(Dataset items)
§ §
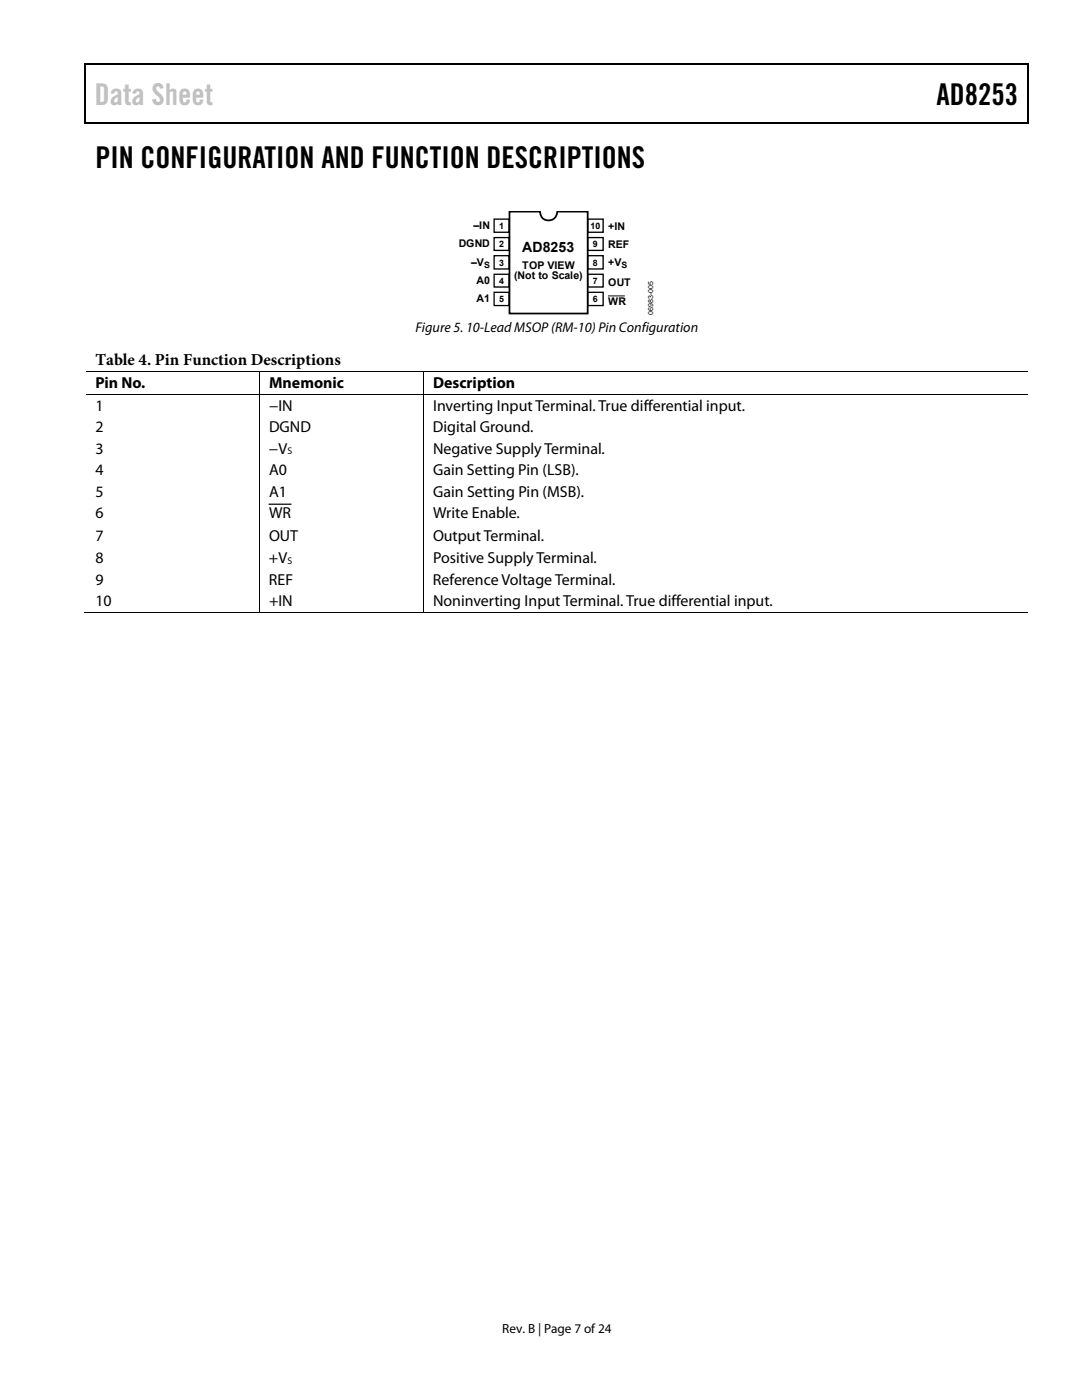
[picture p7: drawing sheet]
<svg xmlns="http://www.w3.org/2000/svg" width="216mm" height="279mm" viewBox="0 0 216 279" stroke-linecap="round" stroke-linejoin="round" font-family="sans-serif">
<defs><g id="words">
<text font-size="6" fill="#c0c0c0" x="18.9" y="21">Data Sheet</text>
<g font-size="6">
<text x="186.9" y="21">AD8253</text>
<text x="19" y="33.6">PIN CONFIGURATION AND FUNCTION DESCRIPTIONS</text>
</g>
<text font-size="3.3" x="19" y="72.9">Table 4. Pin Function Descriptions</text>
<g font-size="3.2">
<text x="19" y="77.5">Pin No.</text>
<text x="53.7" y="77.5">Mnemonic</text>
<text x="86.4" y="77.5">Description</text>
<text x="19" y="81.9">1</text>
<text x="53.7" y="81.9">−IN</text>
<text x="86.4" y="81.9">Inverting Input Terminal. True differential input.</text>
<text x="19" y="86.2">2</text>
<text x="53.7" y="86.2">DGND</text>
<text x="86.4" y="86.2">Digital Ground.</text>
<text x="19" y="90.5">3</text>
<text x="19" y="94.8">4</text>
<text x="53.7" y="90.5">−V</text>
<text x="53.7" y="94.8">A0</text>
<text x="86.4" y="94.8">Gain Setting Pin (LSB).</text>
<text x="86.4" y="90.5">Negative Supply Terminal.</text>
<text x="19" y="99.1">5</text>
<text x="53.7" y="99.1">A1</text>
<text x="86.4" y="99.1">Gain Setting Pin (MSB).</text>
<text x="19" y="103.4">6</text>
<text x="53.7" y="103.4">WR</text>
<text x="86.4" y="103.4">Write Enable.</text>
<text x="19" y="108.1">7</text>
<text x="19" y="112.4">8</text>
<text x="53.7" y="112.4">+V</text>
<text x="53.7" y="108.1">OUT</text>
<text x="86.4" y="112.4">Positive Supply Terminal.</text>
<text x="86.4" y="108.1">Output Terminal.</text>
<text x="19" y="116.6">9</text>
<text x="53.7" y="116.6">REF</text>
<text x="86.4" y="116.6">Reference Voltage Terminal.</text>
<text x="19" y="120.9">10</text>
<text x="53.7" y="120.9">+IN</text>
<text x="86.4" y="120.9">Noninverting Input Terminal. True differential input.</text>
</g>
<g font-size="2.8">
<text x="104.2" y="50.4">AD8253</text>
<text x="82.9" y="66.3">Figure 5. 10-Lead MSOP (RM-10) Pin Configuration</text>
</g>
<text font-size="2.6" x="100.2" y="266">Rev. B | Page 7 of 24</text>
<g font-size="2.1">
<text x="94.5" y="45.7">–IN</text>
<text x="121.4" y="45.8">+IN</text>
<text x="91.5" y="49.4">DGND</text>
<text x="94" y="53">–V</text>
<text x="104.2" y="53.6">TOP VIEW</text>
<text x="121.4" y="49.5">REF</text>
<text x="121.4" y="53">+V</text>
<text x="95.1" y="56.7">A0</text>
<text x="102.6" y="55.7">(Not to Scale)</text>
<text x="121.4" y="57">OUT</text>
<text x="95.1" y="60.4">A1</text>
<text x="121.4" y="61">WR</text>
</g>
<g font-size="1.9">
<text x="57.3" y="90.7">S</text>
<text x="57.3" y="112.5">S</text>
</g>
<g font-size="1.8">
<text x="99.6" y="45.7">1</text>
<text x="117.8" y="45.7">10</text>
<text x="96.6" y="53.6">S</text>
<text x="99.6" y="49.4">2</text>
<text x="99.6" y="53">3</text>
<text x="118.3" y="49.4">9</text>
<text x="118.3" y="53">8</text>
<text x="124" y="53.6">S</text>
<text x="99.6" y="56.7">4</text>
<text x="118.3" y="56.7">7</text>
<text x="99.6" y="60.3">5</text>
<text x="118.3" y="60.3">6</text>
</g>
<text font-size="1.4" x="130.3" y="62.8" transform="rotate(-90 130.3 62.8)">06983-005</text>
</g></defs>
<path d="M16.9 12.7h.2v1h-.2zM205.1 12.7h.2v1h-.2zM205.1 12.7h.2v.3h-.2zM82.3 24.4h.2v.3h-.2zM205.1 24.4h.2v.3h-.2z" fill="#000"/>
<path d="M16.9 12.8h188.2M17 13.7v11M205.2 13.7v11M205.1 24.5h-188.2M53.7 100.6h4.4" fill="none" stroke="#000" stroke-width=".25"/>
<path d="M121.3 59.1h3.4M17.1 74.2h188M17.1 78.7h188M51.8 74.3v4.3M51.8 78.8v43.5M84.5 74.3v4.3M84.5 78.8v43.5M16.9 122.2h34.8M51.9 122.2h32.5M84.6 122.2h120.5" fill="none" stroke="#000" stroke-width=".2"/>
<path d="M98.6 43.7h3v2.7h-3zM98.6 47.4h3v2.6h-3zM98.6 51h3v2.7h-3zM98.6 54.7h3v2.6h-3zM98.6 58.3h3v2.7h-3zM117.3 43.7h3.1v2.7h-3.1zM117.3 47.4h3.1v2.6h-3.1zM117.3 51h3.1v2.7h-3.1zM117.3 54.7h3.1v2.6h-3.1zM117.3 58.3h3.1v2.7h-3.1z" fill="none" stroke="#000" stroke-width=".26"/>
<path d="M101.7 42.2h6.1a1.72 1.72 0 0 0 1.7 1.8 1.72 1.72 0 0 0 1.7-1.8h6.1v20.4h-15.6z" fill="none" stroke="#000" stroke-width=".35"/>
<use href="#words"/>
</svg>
§ §
Set down the entries exactly as they appear, with every picture left out.

## SOLUTION TO THIS TASK
[picture p7: drawing sheet]
<svg xmlns="http://www.w3.org/2000/svg" width="216mm" height="279mm" viewBox="0 0 216 279" stroke-linecap="round" stroke-linejoin="round" font-family="sans-serif">
<defs><g id="words">
<text font-size="6" fill="#c0c0c0" x="18.9" y="21">Data Sheet</text>
<g font-size="6">
<text x="186.9" y="21">AD8253</text>
<text x="19" y="33.6">PIN CONFIGURATION AND FUNCTION DESCRIPTIONS</text>
</g>
<text font-size="3.3" x="19" y="72.9">Table 4. Pin Function Descriptions</text>
<g font-size="3.2">
<text x="19" y="77.5">Pin No.</text>
<text x="53.7" y="77.5">Mnemonic</text>
<text x="86.4" y="77.5">Description</text>
<text x="19" y="81.9">1</text>
<text x="53.7" y="81.9">−IN</text>
<text x="86.4" y="81.9">Inverting Input Terminal. True differential input.</text>
<text x="19" y="86.2">2</text>
<text x="53.7" y="86.2">DGND</text>
<text x="86.4" y="86.2">Digital Ground.</text>
<text x="19" y="90.5">3</text>
<text x="19" y="94.8">4</text>
<text x="53.7" y="90.5">−V</text>
<text x="53.7" y="94.8">A0</text>
<text x="86.4" y="94.8">Gain Setting Pin (LSB).</text>
<text x="86.4" y="90.5">Negative Supply Terminal.</text>
<text x="19" y="99.1">5</text>
<text x="53.7" y="99.1">A1</text>
<text x="86.4" y="99.1">Gain Setting Pin (MSB).</text>
<text x="19" y="103.4">6</text>
<text x="53.7" y="103.4">WR</text>
<text x="86.4" y="103.4">Write Enable.</text>
<text x="19" y="108.1">7</text>
<text x="19" y="112.4">8</text>
<text x="53.7" y="112.4">+V</text>
<text x="53.7" y="108.1">OUT</text>
<text x="86.4" y="112.4">Positive Supply Terminal.</text>
<text x="86.4" y="108.1">Output Terminal.</text>
<text x="19" y="116.6">9</text>
<text x="53.7" y="116.6">REF</text>
<text x="86.4" y="116.6">Reference Voltage Terminal.</text>
<text x="19" y="120.9">10</text>
<text x="53.7" y="120.9">+IN</text>
<text x="86.4" y="120.9">Noninverting Input Terminal. True differential input.</text>
</g>
<g font-size="2.8">
<text x="104.2" y="50.4">AD8253</text>
<text x="82.9" y="66.3">Figure 5. 10-Lead MSOP (RM-10) Pin Configuration</text>
</g>
<text font-size="2.6" x="100.2" y="266">Rev. B | Page 7 of 24</text>
<g font-size="2.1">
<text x="94.5" y="45.7">–IN</text>
<text x="121.4" y="45.8">+IN</text>
<text x="91.5" y="49.4">DGND</text>
<text x="94" y="53">–V</text>
<text x="104.2" y="53.6">TOP VIEW</text>
<text x="121.4" y="49.5">REF</text>
<text x="121.4" y="53">+V</text>
<text x="95.1" y="56.7">A0</text>
<text x="102.6" y="55.7">(Not to Scale)</text>
<text x="121.4" y="57">OUT</text>
<text x="95.1" y="60.4">A1</text>
<text x="121.4" y="61">WR</text>
</g>
<g font-size="1.9">
<text x="57.3" y="90.7">S</text>
<text x="57.3" y="112.5">S</text>
</g>
<g font-size="1.8">
<text x="99.6" y="45.7">1</text>
<text x="117.8" y="45.7">10</text>
<text x="96.6" y="53.6">S</text>
<text x="99.6" y="49.4">2</text>
<text x="99.6" y="53">3</text>
<text x="118.3" y="49.4">9</text>
<text x="118.3" y="53">8</text>
<text x="124" y="53.6">S</text>
<text x="99.6" y="56.7">4</text>
<text x="118.3" y="56.7">7</text>
<text x="99.6" y="60.3">5</text>
<text x="118.3" y="60.3">6</text>
</g>
<text font-size="1.4" x="130.3" y="62.8" transform="rotate(-90 130.3 62.8)">06983-005</text>
</g></defs>
<path d="M16.9 12.7h.2v1h-.2zM205.1 12.7h.2v1h-.2zM205.1 12.7h.2v.3h-.2zM82.3 24.4h.2v.3h-.2zM205.1 24.4h.2v.3h-.2z" fill="#000"/>
<path d="M16.9 12.8h188.2M17 13.7v11M205.2 13.7v11M205.1 24.5h-188.2M53.7 100.6h4.4" fill="none" stroke="#000" stroke-width=".25"/>
<path d="M121.3 59.1h3.4M17.1 74.2h188M17.1 78.7h188M51.8 74.3v4.3M51.8 78.8v43.5M84.5 74.3v4.3M84.5 78.8v43.5M16.9 122.2h34.8M51.9 122.2h32.5M84.6 122.2h120.5" fill="none" stroke="#000" stroke-width=".2"/>
<path d="M98.6 43.7h3v2.7h-3zM98.6 47.4h3v2.6h-3zM98.6 51h3v2.7h-3zM98.6 54.7h3v2.6h-3zM98.6 58.3h3v2.7h-3zM117.3 43.7h3.1v2.7h-3.1zM117.3 47.4h3.1v2.6h-3.1zM117.3 51h3.1v2.7h-3.1zM117.3 54.7h3.1v2.6h-3.1zM117.3 58.3h3.1v2.7h-3.1z" fill="none" stroke="#000" stroke-width=".26"/>
<path d="M101.7 42.2h6.1a1.72 1.72 0 0 0 1.7 1.8 1.72 1.72 0 0 0 1.7-1.8h6.1v20.4h-15.6z" fill="none" stroke="#000" stroke-width=".35"/>
<use href="#words"/>
</svg>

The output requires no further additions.